Dibandingkan dengan negara-negara tetangga, Ibu Negara Indonesia ke-4 tersebut menilai perkembangan emansipasi wanita di Tanah Air jauh lebih baik. Meski demikian, perjuangan untuk keadilan dan mengangkat harkat serta martabat wanita harus dilakukan secara konsisten dan terus-menerus. Ia berharap stakeholder dan masyarakat tidak terlena dengan perkembangan yang ada lantaran masih banyak pekerjaan rumah yang harus dirampungkan dalam ranah tersebut, seperti masalah pendidikan, kemiskinan, kesehatan.

Pelindung Hak-Hak Dasar Minoritas

Alm. Gus Dur dan Sinta Nuriyah Wahid juga dikenal memiliki komitmen yang sangat besar dalam memperjuangkan hak-hak dasar kaum minoritas di Tanah Air. Salah satu kebijakan Gus Dur yang mencerminkan hal tersebut adalah saat ia memutuskan untuk mencabut larangan perayaan Tahun Baru Imlek. Sebagaimana diketahui, selama era Orde Baru di bawah kepemimpinan Presiden Soeharto, masyarakat keturunan Tionghoa dilarang merayakan Hari Raya Imlek secara terbuka. Larangan tersebut bahkan tertuang dalam Instruksi Presiden (Inpres) nomor 14 tahun 1967 tentang agama, kepercayaan, dan adat-istiadat China. Tak lama setelah dilantik sebagai Presiden Republik Indonesia ke-4, Gus Dur mencabut Inpres nomor 14 tahun 1967 dan menerbitkan Keputusan Presiden nomor 6 tahun 2000. Menurut sang istri, keputusan Gus Dur tersebut berangkat dari suatu pemikiran yang sangat sederhana. “Orang-orang (keturunan) China yang tinggal di Indonesia: mereka lahir di Indonesia, dibesarkan di Indonesia, dididik menjadi orang Indonesia, warga negara Indonesia. Lantas, apa bedanya dengan orang Madura dan orang-orang yang lain. Kan tidak ada bedanya,” jelasnya.
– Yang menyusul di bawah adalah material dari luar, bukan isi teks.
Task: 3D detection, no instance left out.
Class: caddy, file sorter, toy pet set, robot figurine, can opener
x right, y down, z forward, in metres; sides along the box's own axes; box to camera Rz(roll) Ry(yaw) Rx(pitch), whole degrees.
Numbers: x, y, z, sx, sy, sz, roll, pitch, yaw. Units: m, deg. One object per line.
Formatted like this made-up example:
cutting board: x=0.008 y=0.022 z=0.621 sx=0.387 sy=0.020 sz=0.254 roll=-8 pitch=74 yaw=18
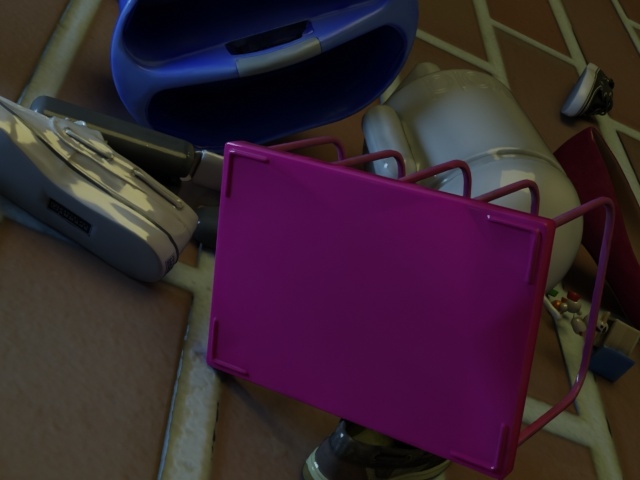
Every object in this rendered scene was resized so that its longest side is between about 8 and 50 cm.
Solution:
caddy: x=-0.064 y=-0.232 z=1.216 sx=0.341 sy=0.241 sz=0.179 roll=-18 pitch=37 yaw=-6
file sorter: x=0.078 y=0.033 z=0.945 sx=0.291 sy=0.202 sz=0.182 roll=17 pitch=19 yaw=31
toy pet set: x=0.304 y=0.109 z=1.285 sx=0.114 sy=0.065 sz=0.122 roll=28 pitch=-1 yaw=-4
robot figurine: x=0.168 y=-0.057 z=1.255 sx=0.300 sy=0.200 sz=0.353 roll=19 pitch=32 yaw=-32
can opener: x=-0.156 y=-0.057 z=1.095 sx=0.283 sy=0.076 sz=0.095 roll=17 pitch=33 yaw=-21

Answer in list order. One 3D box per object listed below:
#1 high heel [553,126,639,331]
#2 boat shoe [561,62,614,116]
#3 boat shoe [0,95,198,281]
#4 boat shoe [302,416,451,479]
high heel: x=0.433 y=0.021 z=1.391 sx=0.377 sy=0.181 sz=0.127 roll=30 pitch=31 yaw=-2
boat shoe: x=0.479 y=-0.253 z=1.940 sx=0.076 sy=0.080 sz=0.228 roll=32 pitch=23 yaw=5
boat shoe: x=-0.230 y=-0.065 z=1.015 sx=0.258 sy=0.095 sz=0.084 roll=39 pitch=52 yaw=-7
boat shoe: x=0.076 y=0.167 z=0.974 sx=0.080 sy=0.073 sz=0.223 roll=46 pitch=34 yaw=23
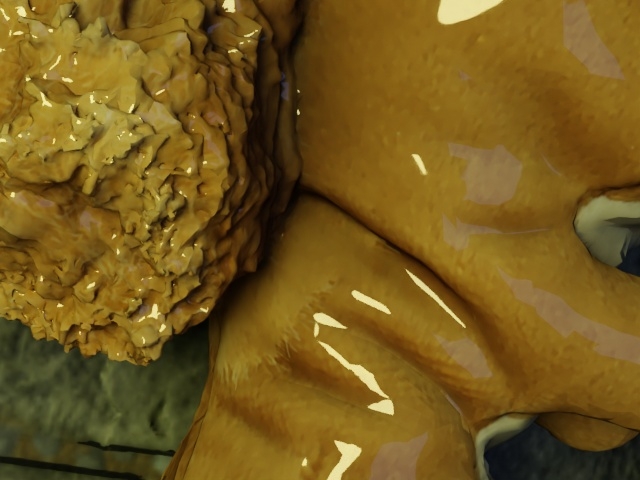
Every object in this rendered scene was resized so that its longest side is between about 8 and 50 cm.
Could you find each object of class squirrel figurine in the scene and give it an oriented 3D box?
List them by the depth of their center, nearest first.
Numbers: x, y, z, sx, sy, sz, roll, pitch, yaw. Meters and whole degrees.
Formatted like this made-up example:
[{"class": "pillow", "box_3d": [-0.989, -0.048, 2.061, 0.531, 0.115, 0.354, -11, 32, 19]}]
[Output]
[{"class": "squirrel figurine", "box_3d": [0.000, 0.000, 0.765, 0.397, 0.281, 0.370, 32, 88, -19]}]
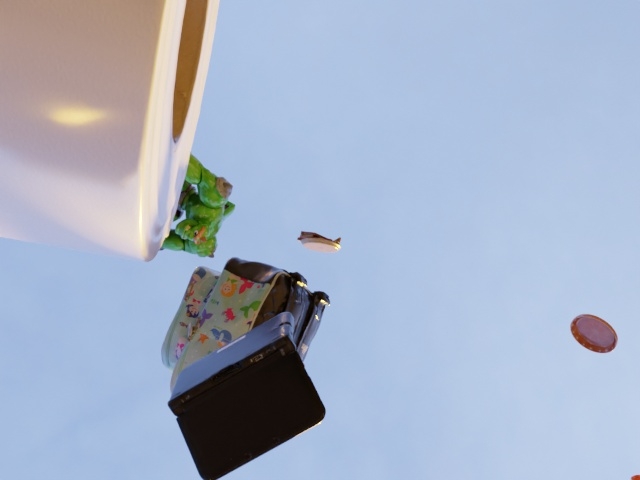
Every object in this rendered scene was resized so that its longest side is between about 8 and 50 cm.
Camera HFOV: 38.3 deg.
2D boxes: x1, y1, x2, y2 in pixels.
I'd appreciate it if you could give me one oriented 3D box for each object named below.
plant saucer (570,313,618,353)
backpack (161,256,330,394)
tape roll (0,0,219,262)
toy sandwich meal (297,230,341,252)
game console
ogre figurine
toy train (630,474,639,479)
[{"bbox_3d":[0.467,0.157,1.571,0.083,0.083,0.013,46,-124,-4],"label":"plant saucer"},{"bbox_3d":[-0.121,0.168,1.382,0.225,0.191,0.254,44,-121,-61],"label":"backpack"},{"bbox_3d":[-0.119,-0.132,0.533,0.100,0.286,0.286,10,-126,-5],"label":"tape roll"},{"bbox_3d":[0.000,0.000,1.731,0.085,0.085,0.029,17,-106,-28],"label":"toy sandwich meal"},{"bbox_3d":[-0.062,0.132,0.800,0.071,0.122,0.107,59,-173,-13],"label":"game console"},{"bbox_3d":[-0.182,-0.049,1.241,0.118,0.197,0.097,25,-156,5],"label":"ogre figurine"},{"bbox_3d":[0.441,0.384,1.179,0.125,0.046,0.166,-28,-80,-67],"label":"toy train"}]
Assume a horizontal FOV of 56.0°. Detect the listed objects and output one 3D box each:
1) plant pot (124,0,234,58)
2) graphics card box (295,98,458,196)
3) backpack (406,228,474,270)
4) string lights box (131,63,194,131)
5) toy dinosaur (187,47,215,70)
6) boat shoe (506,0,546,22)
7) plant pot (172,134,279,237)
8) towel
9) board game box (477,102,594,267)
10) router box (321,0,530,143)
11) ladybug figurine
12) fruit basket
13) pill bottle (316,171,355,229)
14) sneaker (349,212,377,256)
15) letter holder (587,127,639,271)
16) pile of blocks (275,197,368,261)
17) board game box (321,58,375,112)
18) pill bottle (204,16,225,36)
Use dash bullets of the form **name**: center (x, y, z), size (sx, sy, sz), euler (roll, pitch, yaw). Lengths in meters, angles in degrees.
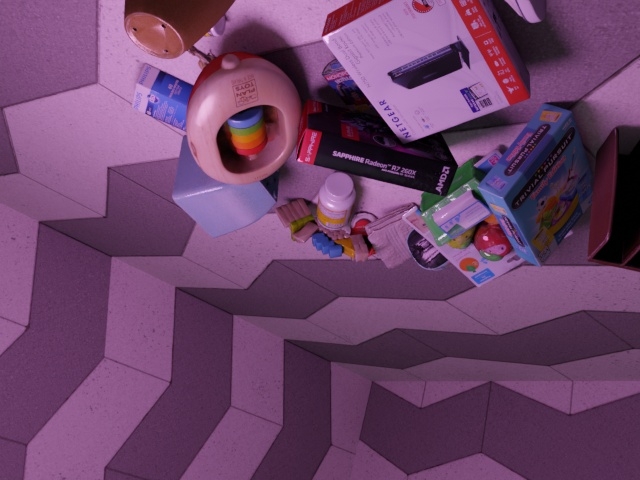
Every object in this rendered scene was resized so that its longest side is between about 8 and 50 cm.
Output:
- **plant pot**: center (-0.279, -0.492, 1.184), size (0.237, 0.254, 0.237), euler (12, 155, 6)
- **graphics card box**: center (0.130, -0.230, 1.465), size (0.370, 0.233, 0.094), euler (14, 118, -8)
- **backpack**: center (0.372, 0.003, 1.873), size (0.188, 0.166, 0.144), euler (-36, 166, 13)
- **string lights box**: center (-0.393, -0.380, 1.703), size (0.259, 0.077, 0.133), euler (23, 154, -15)
- **toy dinosaur**: center (-0.278, -0.436, 1.567), size (0.092, 0.053, 0.183), euler (19, 153, 33)
- **boat shoe**: center (0.305, -0.481, 1.039), size (0.088, 0.096, 0.267), euler (-4, 148, 45)
- **plant pot**: center (-0.268, -0.187, 1.854), size (0.252, 0.247, 0.248), euler (-10, 147, 20)
- **towel**: center (0.270, -0.007, 2.017), size (0.187, 0.049, 0.282), euler (-26, 144, 11)
- **board game box**: center (0.537, -0.121, 1.455), size (0.079, 0.254, 0.336), euler (35, 174, 44)
- **router box**: center (0.221, -0.376, 1.226), size (0.301, 0.082, 0.335), euler (-17, 136, 34)
- **ladybug figurine**: center (-0.203, -0.318, 1.541), size (0.305, 0.162, 0.449), euler (-21, 154, -13)
- **fruit basket**: center (0.458, -0.039, 1.664), size (0.327, 0.165, 0.353), euler (-36, 109, 31)
- **pill bottle**: center (0.050, -0.127, 1.914), size (0.117, 0.118, 0.208), euler (15, 156, 3)
- **sneaker**: center (0.187, 0.013, 2.122), size (0.107, 0.118, 0.279), euler (-6, 147, 43)
- **letter holder**: center (0.704, -0.114, 1.311), size (0.152, 0.302, 0.214), euler (12, 155, 9)
- **pile of blocks**: center (0.000, 0.000, 2.032), size (0.362, 0.149, 0.113), euler (32, 148, 24)
- **board game box**: center (0.111, -0.392, 1.386), size (0.194, 0.060, 0.194), euler (-3, 148, 37)
- **pill bottle**: center (-0.284, -0.504, 1.388), size (0.116, 0.065, 0.065), euler (7, 154, 20)
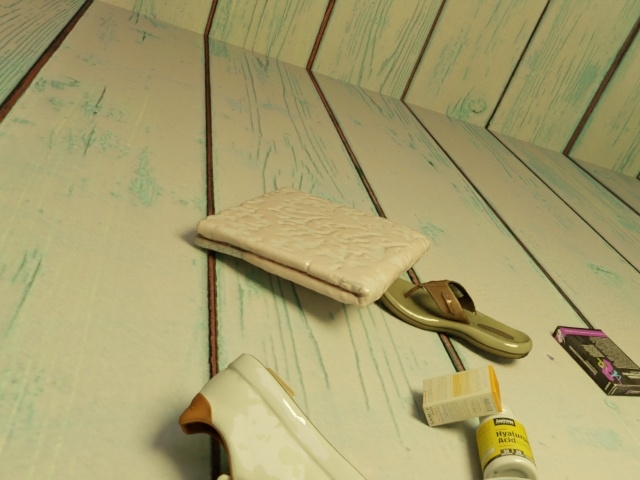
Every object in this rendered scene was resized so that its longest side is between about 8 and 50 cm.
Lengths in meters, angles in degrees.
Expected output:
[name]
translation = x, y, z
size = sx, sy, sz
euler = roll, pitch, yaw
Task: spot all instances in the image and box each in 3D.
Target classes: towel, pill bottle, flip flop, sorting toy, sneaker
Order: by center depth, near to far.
[sneaker]
translation = -0.027, 0.253, 0.634
size = 0.123, 0.106, 0.290
euler = -37, 66, -24
[sorting toy]
translation = -0.077, 0.174, 0.809
size = 0.083, 0.012, 0.062
euler = 39, 30, 30
[pill bottle]
translation = 0.233, 0.263, 0.827
size = 0.065, 0.065, 0.116
euler = 20, 25, -5
[flip flop]
translation = 0.226, 0.112, 1.090
size = 0.277, 0.080, 0.112
euler = 23, 24, 13
[towel]
translation = 0.000, 0.000, 1.115
size = 0.317, 0.053, 0.332
euler = 20, 22, 19

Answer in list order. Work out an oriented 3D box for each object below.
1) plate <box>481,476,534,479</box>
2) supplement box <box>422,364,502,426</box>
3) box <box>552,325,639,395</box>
[plate]
translation = 0.207, 0.325, 0.670
size = 0.188, 0.024, 0.188
euler = -4, 28, 2
[supplement box]
translation = 0.188, 0.207, 0.869
size = 0.098, 0.036, 0.062
euler = -16, 19, 17
[box]
translation = 0.517, 0.219, 1.187
size = 0.116, 0.029, 0.162
euler = 8, 27, -26
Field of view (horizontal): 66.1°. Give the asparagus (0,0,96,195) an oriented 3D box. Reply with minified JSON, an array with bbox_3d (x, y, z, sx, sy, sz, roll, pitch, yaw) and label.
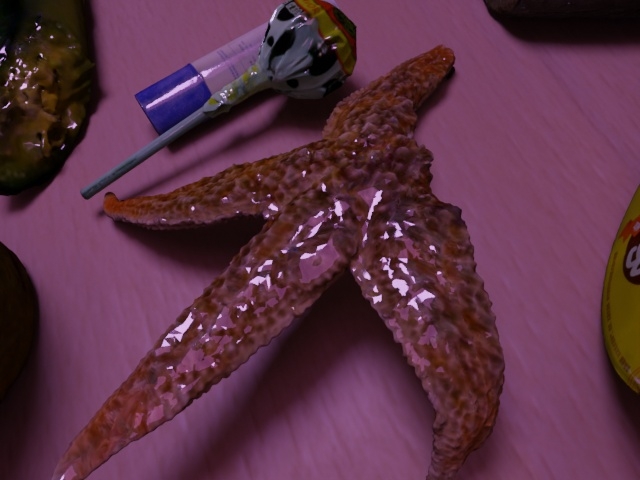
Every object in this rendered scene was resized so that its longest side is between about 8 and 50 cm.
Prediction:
[{"bbox_3d":[-0.321,-0.229,0.551,0.128,0.108,0.382,-16,64,-3],"label":"asparagus"}]

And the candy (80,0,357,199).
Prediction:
[{"bbox_3d":[-0.097,-0.123,0.473,0.305,0.083,0.091,-35,101,-1],"label":"candy"}]

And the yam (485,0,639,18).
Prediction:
[{"bbox_3d":[0.304,-0.301,0.498,0.254,0.154,0.154,0,63,5],"label":"yam"}]

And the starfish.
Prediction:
[{"bbox_3d":[-0.001,-0.004,0.398,0.383,0.132,0.398,-18,59,2],"label":"starfish"}]

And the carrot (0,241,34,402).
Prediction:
[{"bbox_3d":[-0.348,0.046,0.310,0.241,0.341,0.242,3,72,-8],"label":"carrot"}]

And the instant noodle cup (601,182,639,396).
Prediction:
[{"bbox_3d":[0.349,0.002,0.269,0.221,0.311,0.311,26,68,7],"label":"instant noodle cup"}]

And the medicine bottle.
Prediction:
[{"bbox_3d":[-0.081,-0.186,0.526,0.230,0.059,0.059,-33,64,-11],"label":"medicine bottle"}]
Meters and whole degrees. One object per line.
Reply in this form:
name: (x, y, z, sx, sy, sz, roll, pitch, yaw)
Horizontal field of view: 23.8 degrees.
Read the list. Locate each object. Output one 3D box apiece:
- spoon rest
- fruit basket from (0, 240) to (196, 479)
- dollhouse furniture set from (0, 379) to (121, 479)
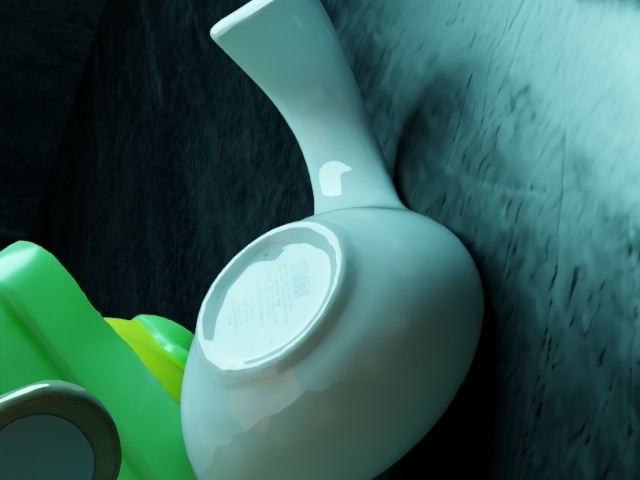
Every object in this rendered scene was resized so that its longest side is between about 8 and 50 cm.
spoon rest: (0.000, 0.000, 0.644, 0.137, 0.084, 0.276, -28, 40, 21)
fruit basket: (-0.139, 0.181, 0.751, 0.283, 0.392, 0.392, 48, 134, 20)
dollhouse furniture set: (-0.051, 0.216, 0.342, 0.355, 0.174, 0.303, -138, 27, -74)
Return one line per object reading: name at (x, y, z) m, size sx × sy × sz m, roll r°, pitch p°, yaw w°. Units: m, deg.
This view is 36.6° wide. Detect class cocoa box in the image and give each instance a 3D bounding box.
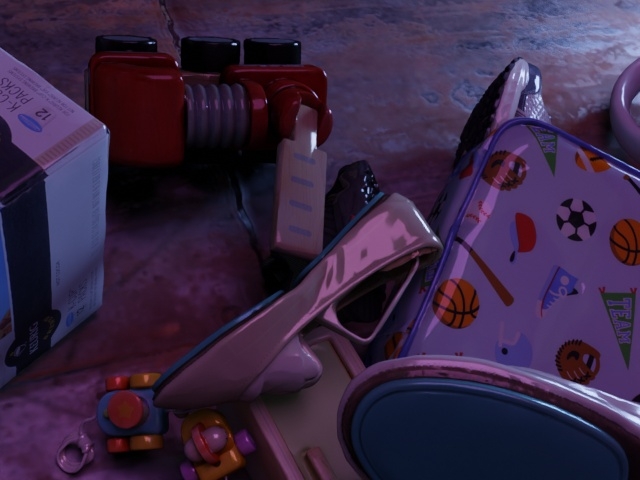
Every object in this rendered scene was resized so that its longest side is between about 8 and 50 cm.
cocoa box at (-0.361, -0.045, 0.713) m, size 0.347 × 0.231 × 0.228 m, roll 37°, pitch 53°, yaw 13°

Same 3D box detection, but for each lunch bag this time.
lunch bag at (0.186, 0.067, 0.813) m, size 0.243 × 0.115 × 0.303 m, roll 28°, pitch 74°, yaw -7°

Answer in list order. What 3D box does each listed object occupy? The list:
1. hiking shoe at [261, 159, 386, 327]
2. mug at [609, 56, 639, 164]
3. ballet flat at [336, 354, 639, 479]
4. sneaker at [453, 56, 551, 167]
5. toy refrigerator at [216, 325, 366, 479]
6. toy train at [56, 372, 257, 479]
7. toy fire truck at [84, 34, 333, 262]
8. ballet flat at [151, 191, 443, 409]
hiking shoe at (0.000, 0.000, 0.877) m, size 0.114 × 0.086 × 0.227 m, roll -14°, pitch 26°, yaw 16°
mug at (0.513, -0.167, 1.071) m, size 0.374 × 0.276 × 0.328 m, roll -11°, pitch 45°, yaw 14°
ballet flat at (0.204, 0.161, 0.672) m, size 0.400 × 0.139 × 0.139 m, roll 16°, pitch 51°, yaw 0°
sneaker at (0.204, -0.059, 0.987) m, size 0.122 × 0.110 × 0.283 m, roll 19°, pitch 60°, yaw -9°
toy refrigerator at (0.027, 0.200, 0.725) m, size 0.102 × 0.094 × 0.269 m, roll -18°, pitch 61°, yaw -24°
toy train at (-0.119, 0.170, 0.709) m, size 0.166 × 0.046 × 0.125 m, roll 34°, pitch 84°, yaw 16°
toy fire truck at (-0.085, -0.088, 0.845) m, size 0.217 × 0.158 × 0.246 m, roll -2°, pitch 17°, yaw -19°
ballet flat at (-0.007, 0.059, 0.709) m, size 0.248 × 0.086 × 0.086 m, roll -40°, pitch 71°, yaw -18°
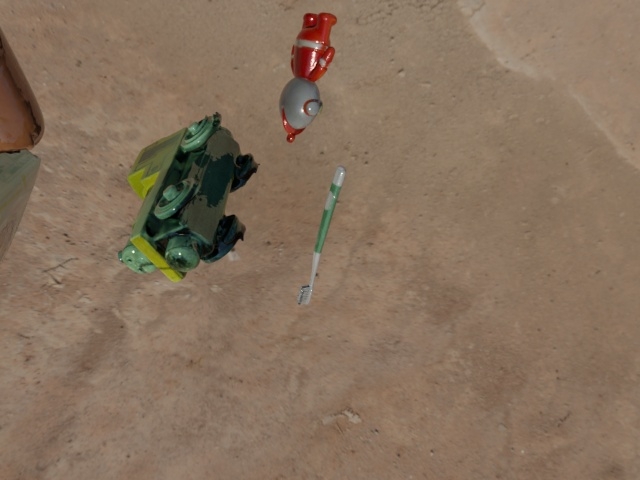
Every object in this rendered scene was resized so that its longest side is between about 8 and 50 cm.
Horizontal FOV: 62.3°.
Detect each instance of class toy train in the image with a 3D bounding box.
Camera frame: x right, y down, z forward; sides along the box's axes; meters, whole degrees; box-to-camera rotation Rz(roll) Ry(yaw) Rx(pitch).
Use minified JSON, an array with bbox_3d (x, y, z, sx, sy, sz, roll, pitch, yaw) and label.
[{"bbox_3d":[-0.249,-0.071,0.936,0.237,0.369,0.150,-23,126,20],"label":"toy train"}]

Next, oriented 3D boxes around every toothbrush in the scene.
[{"bbox_3d":[0.000,0.000,0.837,0.024,0.018,0.257,-5,125,-34],"label":"toothbrush"}]

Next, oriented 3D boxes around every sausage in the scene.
[{"bbox_3d":[-0.491,-0.259,0.726,0.121,0.121,0.304,-26,119,-13],"label":"sausage"}]

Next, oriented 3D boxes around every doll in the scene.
[{"bbox_3d":[-0.028,-0.306,1.009,0.076,0.142,0.245,4,106,-32],"label":"doll"}]

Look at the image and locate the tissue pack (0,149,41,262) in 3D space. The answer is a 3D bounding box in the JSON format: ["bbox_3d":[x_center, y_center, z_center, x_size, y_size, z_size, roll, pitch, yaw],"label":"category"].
[{"bbox_3d":[-0.608,0.007,0.834,0.162,0.388,0.287,26,107,-20],"label":"tissue pack"}]

Sinta Nuriyah Wahid bersama Gus Dur dan anak-anak

Rujukan Para Tokoh Bangsa

Hijrah dari Istana Negara tidak lantas membuat mantan Ibu Negara Sinta Nuriyah Wahid kehilangan karisma dan pengaruhnya di kancah nasional. Hal ini terbukti dari banyaknya tokoh yang kerap datang ke kediamannya, baik untuk bersilaturahmi maupun meminta wejangan dan bertukar pikiran. Kandidat calon presiden dan wakil presiden (capres-cawapres) pun berduyun-duyun silih berganti menjelang pemilihan presiden (pilpres) 2019, diawali dengan Presiden petahana Joko Widodo. Sang RI 1 juga sempat menikmati suguhan bubur merah putih bertepatan dengan peringatan hari kelahiran Alm. Gus Dur. Sehari kemudian, giliran cawapres Sandiaga Uno yang sowan. Berbeda dengan sang petahana, mantan Wakil Gubernur DKI Jakarta itu sempat dibekali sekotak tempe mendoan oleh sang empunya rumah. Tak mau ketinggalan, capres Prabowo Subianto juga datang berkunjung tiga hari kemudian. Sementara itu, K.H. Ma’ruf Amin yang didaulat untuk mendampingi Joko Widodo sebagai calon wakil presiden menjadi kandidat terakhir yang bertandang ke kediaman Alm. Gus Dur.